Records from a data source
-=-=-
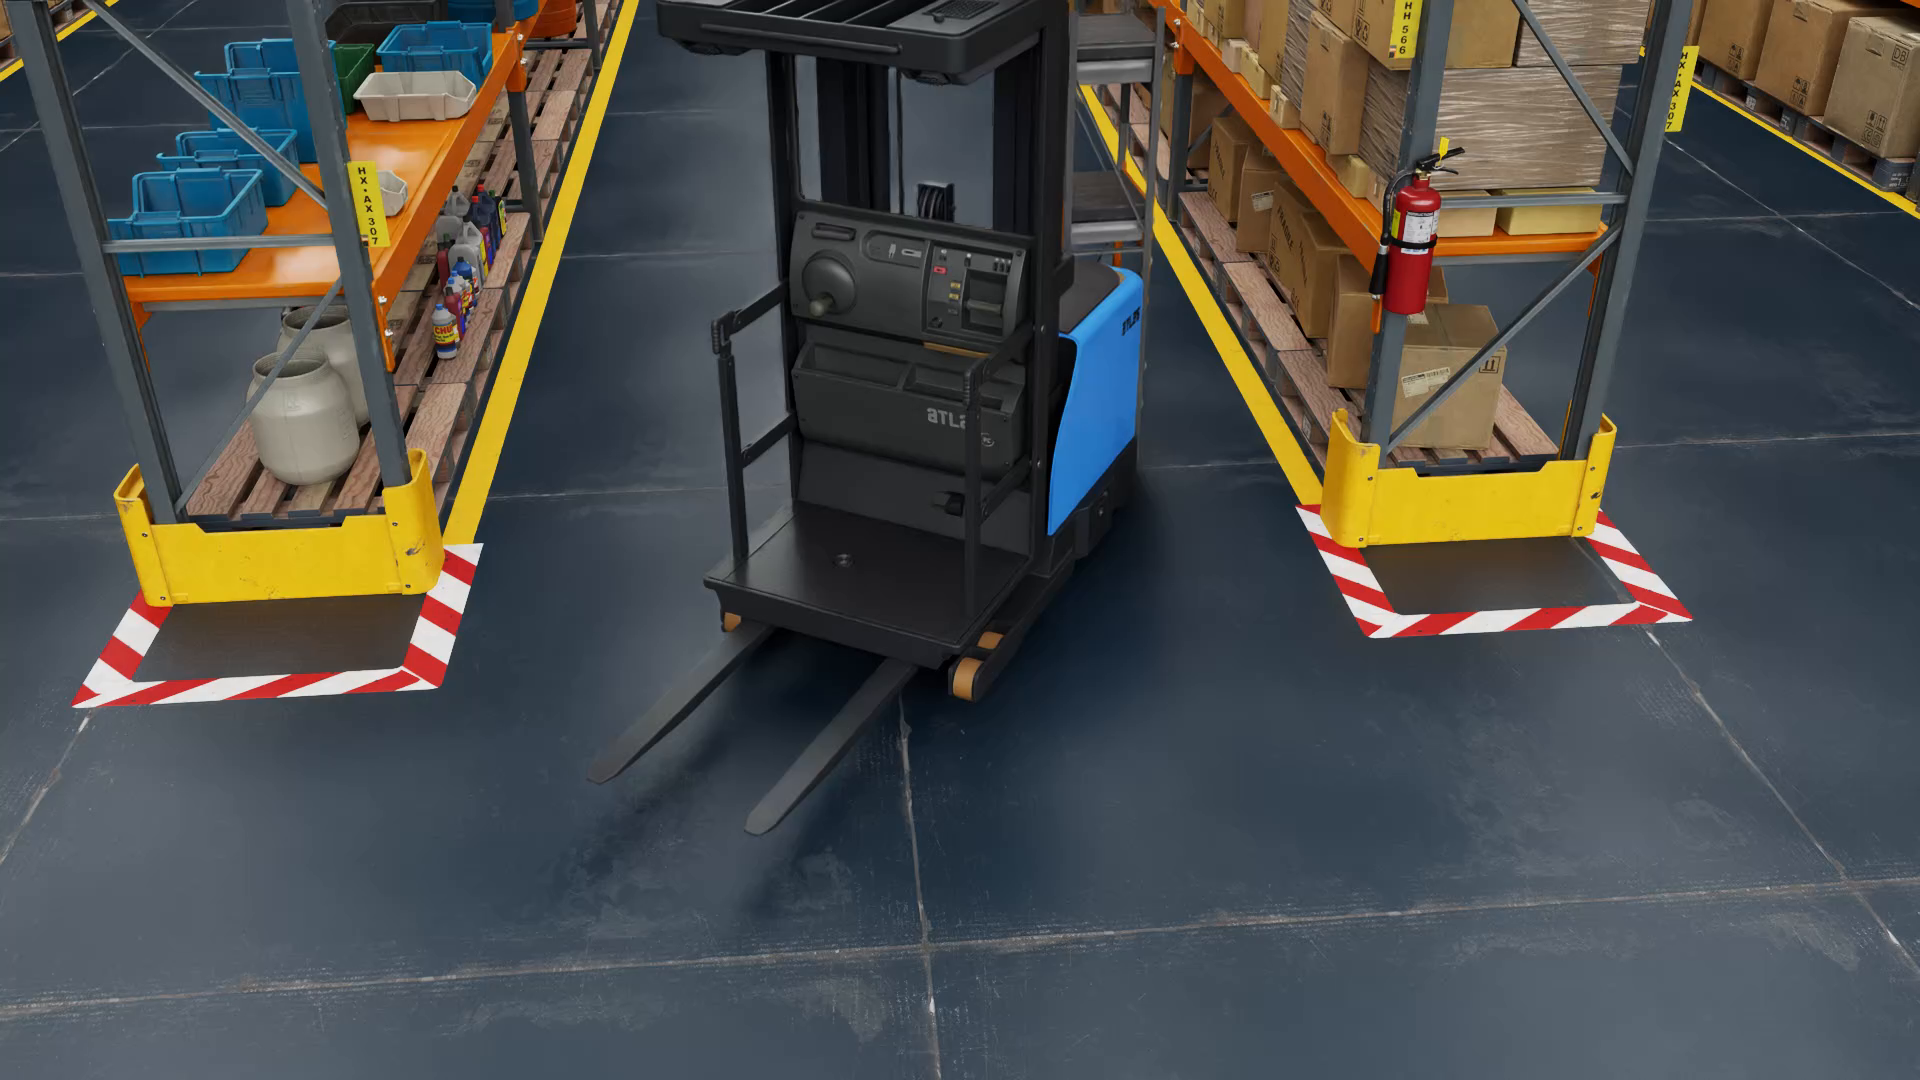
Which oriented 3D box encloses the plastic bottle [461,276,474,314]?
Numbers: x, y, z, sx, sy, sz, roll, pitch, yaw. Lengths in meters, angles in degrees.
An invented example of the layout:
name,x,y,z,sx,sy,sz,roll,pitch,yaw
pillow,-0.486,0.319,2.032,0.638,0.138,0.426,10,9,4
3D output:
name,x,y,z,sx,sy,sz,roll,pitch,yaw
plastic bottle,-2.634,-1.296,8.795,0.097,0.201,0.097,0,31,0

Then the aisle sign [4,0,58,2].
name,x,y,z,sx,sy,sz,roll,pitch,yaw
aisle sign,-3.013,-2.157,5.400,0.394,0.787,0.004,-3,31,-5

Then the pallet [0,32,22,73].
name,x,y,z,sx,sy,sz,roll,pitch,yaw
pallet,-8.435,-4.126,13.953,1.003,0.211,1.213,-3,31,-5

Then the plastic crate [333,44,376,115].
name,x,y,z,sx,sy,sz,roll,pitch,yaw
plastic crate,-3.252,-2.336,8.443,0.450,0.188,0.662,-3,31,-5

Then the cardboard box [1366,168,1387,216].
name,x,y,z,sx,sy,sz,roll,pitch,yaw
cardboard box,1.953,-1.484,7.055,0.380,0.149,0.250,-3,31,-5

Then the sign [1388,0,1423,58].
name,x,y,z,sx,sy,sz,roll,pitch,yaw
sign,1.653,-1.945,6.144,0.100,0.325,0.005,-3,31,-5

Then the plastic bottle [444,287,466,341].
name,x,y,z,sx,sy,sz,roll,pitch,yaw
plastic bottle,-2.586,-1.171,8.506,0.061,0.283,0.133,-2,31,-4

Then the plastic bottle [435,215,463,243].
name,x,y,z,sx,sy,sz,roll,pitch,yaw
plastic bottle,-2.878,-1.721,9.432,0.152,0.276,0.135,-3,31,-5

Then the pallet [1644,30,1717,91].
name,x,y,z,sx,sy,sz,roll,pitch,yaw
pallet,6.406,-3.996,13.734,1.003,0.211,1.213,-3,31,-5

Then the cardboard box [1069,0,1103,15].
name,x,y,z,sx,sy,sz,roll,pitch,yaw
cardboard box,1.416,-5.035,14.416,1.225,0.875,0.875,-4,31,-7

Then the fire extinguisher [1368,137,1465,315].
name,x,y,z,sx,sy,sz,roll,pitch,yaw
fire extinguisher,1.759,-1.215,6.435,0.296,0.674,0.183,-3,31,-5

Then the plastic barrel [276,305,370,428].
name,x,y,z,sx,sy,sz,roll,pitch,yaw
plastic barrel,-2.908,-0.792,7.668,0.421,0.512,0.421,0,31,0

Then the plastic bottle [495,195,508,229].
name,x,y,z,sx,sy,sz,roll,pitch,yaw
plastic bottle,-2.753,-1.951,9.891,0.097,0.201,0.097,0,31,0

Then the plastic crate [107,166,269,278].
name,x,y,z,sx,sy,sz,roll,pitch,yaw
plastic crate,-3.068,-1.269,6.594,0.499,0.251,0.616,-3,31,-5

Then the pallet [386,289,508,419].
name,x,y,z,sx,sy,sz,roll,pitch,yaw
pallet,-2.959,-0.968,8.664,1.003,0.211,1.213,-3,31,-5

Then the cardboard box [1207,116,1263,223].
name,x,y,z,sx,sy,sz,roll,pitch,yaw
cardboard box,1.831,-2.272,10.157,0.500,0.500,0.500,-4,31,-6

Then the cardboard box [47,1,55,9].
name,x,y,z,sx,sy,sz,roll,pitch,yaw
cardboard box,-8.258,-4.826,14.413,0.500,0.500,0.500,-3,31,-5

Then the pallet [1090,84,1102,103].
name,x,y,z,sx,sy,sz,roll,pitch,yaw
pallet,1.532,-3.817,13.435,1.003,0.211,1.213,-3,31,-5

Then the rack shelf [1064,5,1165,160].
name,x,y,z,sx,sy,sz,roll,pitch,yaw
rack shelf,0.603,-1.979,7.177,0.431,0.518,0.480,-5,31,-9

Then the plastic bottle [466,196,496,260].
name,x,y,z,sx,sy,sz,roll,pitch,yaw
plastic bottle,-2.732,-1.773,9.447,0.144,0.351,0.185,-4,31,-7

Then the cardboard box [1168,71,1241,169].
name,x,y,z,sx,sy,sz,roll,pitch,yaw
cardboard box,1.798,-2.801,11.024,0.700,0.500,0.500,-5,31,-8

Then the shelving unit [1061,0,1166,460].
name,x,y,z,sx,sy,sz,roll,pitch,yaw
shelving unit,0.603,-1.390,7.529,0.431,2.100,0.503,-5,31,-9

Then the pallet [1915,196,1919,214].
name,x,y,z,sx,sy,sz,roll,pitch,yaw
pallet,6.775,-1.968,10.339,1.003,0.211,1.213,-3,31,-5

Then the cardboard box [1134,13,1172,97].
name,x,y,z,sx,sy,sz,roll,pitch,yaw
cardboard box,1.667,-3.616,12.388,0.700,0.500,0.500,0,31,0

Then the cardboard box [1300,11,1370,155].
name,x,y,z,sx,sy,sz,roll,pitch,yaw
cardboard box,2.017,-2.031,7.338,0.875,0.500,0.500,-3,31,-5

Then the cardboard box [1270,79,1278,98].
name,x,y,z,sx,sy,sz,roll,pitch,yaw
cardboard box,1.776,-2.248,8.334,0.380,0.149,0.250,-3,31,-5

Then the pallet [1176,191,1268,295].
name,x,y,z,sx,sy,sz,roll,pitch,yaw
pallet,1.932,-1.833,10.113,1.003,0.211,1.213,-3,31,-5

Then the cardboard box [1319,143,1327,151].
name,x,y,z,sx,sy,sz,roll,pitch,yaw
cardboard box,1.888,-1.868,7.696,0.380,0.149,0.250,-3,31,-5

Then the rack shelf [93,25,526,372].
name,x,y,z,sx,sy,sz,roll,pitch,yaw
rack shelf,-2.911,-1.804,8.046,1.077,0.370,4.000,-3,31,-5

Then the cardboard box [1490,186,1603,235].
name,x,y,z,sx,sy,sz,roll,pitch,yaw
cardboard box,2.418,-1.378,6.877,0.380,0.149,0.250,-3,31,-5

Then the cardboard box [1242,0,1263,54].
name,x,y,z,sx,sy,sz,roll,pitch,yaw
cardboard box,1.973,-2.802,8.628,0.875,0.500,0.500,-3,31,-5

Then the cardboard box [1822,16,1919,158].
name,x,y,z,sx,sy,sz,roll,pitch,yaw
cardboard box,6.634,-3.084,11.273,1.050,0.750,0.750,-3,31,-5

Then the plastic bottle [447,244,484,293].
name,x,y,z,sx,sy,sz,roll,pitch,yaw
plastic bottle,-2.691,-1.492,9.050,0.152,0.276,0.135,-2,31,-4

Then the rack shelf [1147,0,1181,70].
name,x,y,z,sx,sy,sz,roll,pitch,yaw
rack shelf,1.647,-4.083,11.863,1.077,0.370,4.000,-3,31,-5

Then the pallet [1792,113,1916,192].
name,x,y,z,sx,sy,sz,roll,pitch,yaw
pallet,6.634,-2.750,11.649,1.003,0.211,1.213,-3,31,-5

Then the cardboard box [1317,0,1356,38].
name,x,y,z,sx,sy,sz,roll,pitch,yaw
cardboard box,1.858,-2.453,7.069,0.500,0.500,0.500,-3,31,-5

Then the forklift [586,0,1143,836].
name,x,y,z,sx,sy,sz,roll,pitch,yaw
forklift,-0.290,-0.908,5.912,1.130,2.935,3.031,14,33,21

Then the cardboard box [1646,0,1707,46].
name,x,y,z,sx,sy,sz,roll,pitch,yaw
cardboard box,6.375,-4.499,13.641,1.050,0.750,0.750,-3,31,-5

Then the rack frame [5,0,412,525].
name,x,y,z,sx,sy,sz,roll,pitch,yaw
rack frame,-2.724,-1.092,6.152,1.000,3.000,0.127,-3,31,-5

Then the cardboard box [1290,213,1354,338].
name,x,y,z,sx,sy,sz,roll,pitch,yaw
cardboard box,2.036,-1.380,8.663,0.500,0.500,0.500,0,31,0

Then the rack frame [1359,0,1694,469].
name,x,y,z,sx,sy,sz,roll,pitch,yaw
rack frame,2.208,-1.329,6.550,1.000,3.000,0.127,-3,31,-5

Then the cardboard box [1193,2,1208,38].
name,x,y,z,sx,sy,sz,roll,pitch,yaw
cardboard box,1.565,-3.011,9.611,0.380,0.149,0.250,-3,31,-5

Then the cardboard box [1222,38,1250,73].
name,x,y,z,sx,sy,sz,roll,pitch,yaw
cardboard box,1.631,-2.628,8.969,0.380,0.149,0.250,-3,31,-5

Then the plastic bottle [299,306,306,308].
name,x,y,z,sx,sy,sz,roll,pitch,yaw
plastic bottle,-3.328,-1.158,8.490,0.152,0.276,0.135,-3,31,-4
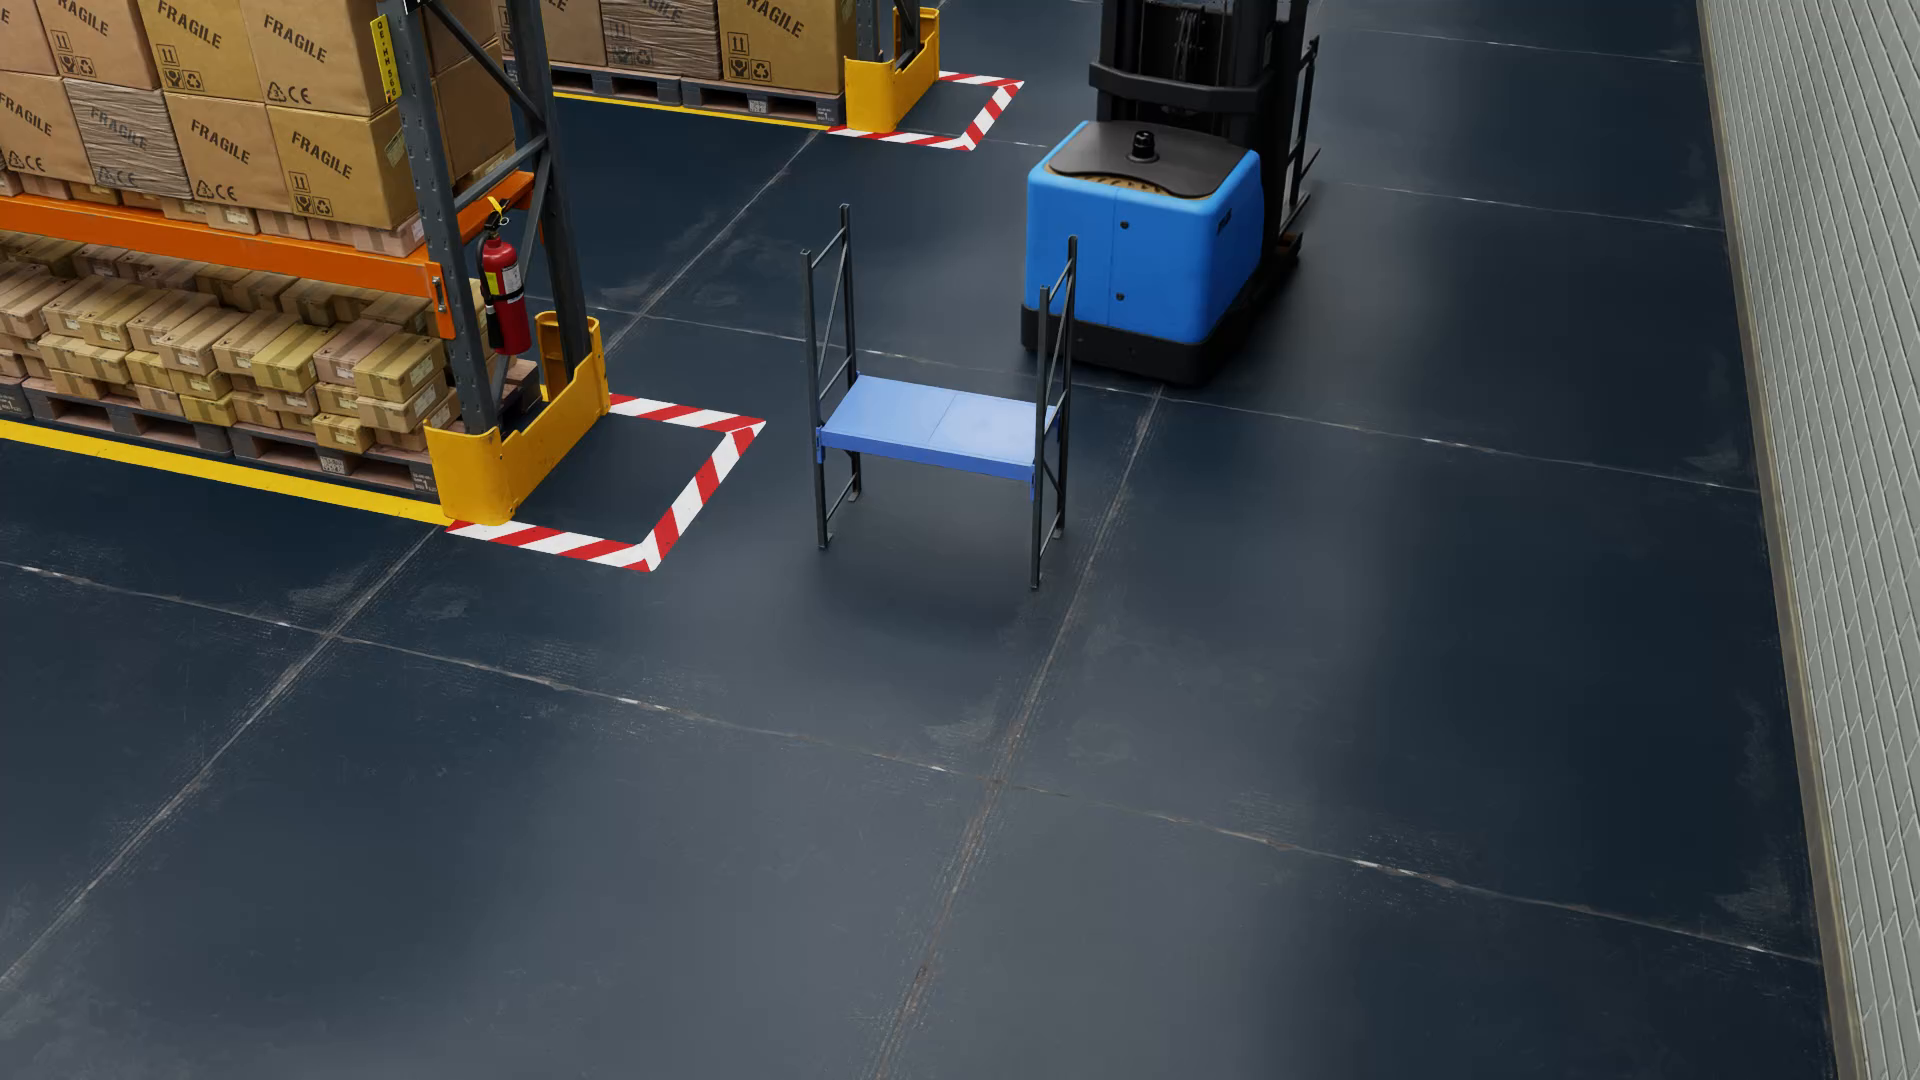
-=-=-
Give back exactly the lines from the first line of the data through the line with "pillow,-0.486,0.319,2.032,0.638,0.138,0.426,10,9,4", pictures excluded.

Which oriented 3D box encloses the plastic bottle [461,276,474,314]?
Numbers: x, y, z, sx, sy, sz, roll, pitch, yaw. Lengths in meters, angles in degrees.
An invented example of the layout:
name,x,y,z,sx,sy,sz,roll,pitch,yaw
pillow,-0.486,0.319,2.032,0.638,0.138,0.426,10,9,4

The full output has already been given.